(WHAT YOU WILL DO)
The goal is to restate all of the records below word for word.

Records from a data source
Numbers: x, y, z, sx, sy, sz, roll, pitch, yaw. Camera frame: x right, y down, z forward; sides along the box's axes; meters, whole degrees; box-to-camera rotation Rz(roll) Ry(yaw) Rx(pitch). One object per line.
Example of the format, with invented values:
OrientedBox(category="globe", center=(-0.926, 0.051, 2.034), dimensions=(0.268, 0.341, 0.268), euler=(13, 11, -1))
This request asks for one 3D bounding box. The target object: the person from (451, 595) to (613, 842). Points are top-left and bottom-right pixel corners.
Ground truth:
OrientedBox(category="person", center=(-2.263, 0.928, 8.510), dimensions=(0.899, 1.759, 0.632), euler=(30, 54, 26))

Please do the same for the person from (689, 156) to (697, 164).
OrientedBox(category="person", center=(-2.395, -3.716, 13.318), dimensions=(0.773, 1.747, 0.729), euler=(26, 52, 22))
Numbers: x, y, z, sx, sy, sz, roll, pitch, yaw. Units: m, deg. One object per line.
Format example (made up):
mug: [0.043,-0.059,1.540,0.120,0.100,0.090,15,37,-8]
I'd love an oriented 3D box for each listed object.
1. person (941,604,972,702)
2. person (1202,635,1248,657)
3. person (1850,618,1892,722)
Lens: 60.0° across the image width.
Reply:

(EXERCISE OUTPUT)
Numbers: x, y, z, sx, sy, sz, roll, pitch, yaw. Camera frame: x right, y down, z forward; sides along the box's axes; meters, whole degrees; box-to-camera rotation Rz(roll) Ry(yaw) Rx(pitch). One object per line.
Example of the format, with invented values:
OrientedBox(category="globe", center=(-0.926, 0.051, 2.034), dimensions=(0.268, 0.341, 0.268), euler=(13, 11, -1))
This request asks for one 3D bounding box. The target object: the person from (451, 595) to (613, 842). Points are top-left and bottom-right pixel corners.
Ground truth:
OrientedBox(category="person", center=(-2.263, 0.928, 8.510), dimensions=(0.899, 1.759, 0.632), euler=(30, 54, 26))

Please do the same for the person from (689, 156) to (697, 164).
OrientedBox(category="person", center=(-2.395, -3.716, 13.318), dimensions=(0.773, 1.747, 0.729), euler=(26, 52, 22))
Numbers: x, y, z, sx, sy, sz, roll, pitch, yaw. Units: m, deg. One object per line.
Format example (made up):
mug: [0.043,-0.059,1.540,0.120,0.100,0.090,15,37,-8]
I'd love an oriented 3D box for each listed object.
1. person (941,604,972,702)
2. person (1202,635,1248,657)
3. person (1850,618,1892,722)
Lens: 60.0° across the image width.
Reply:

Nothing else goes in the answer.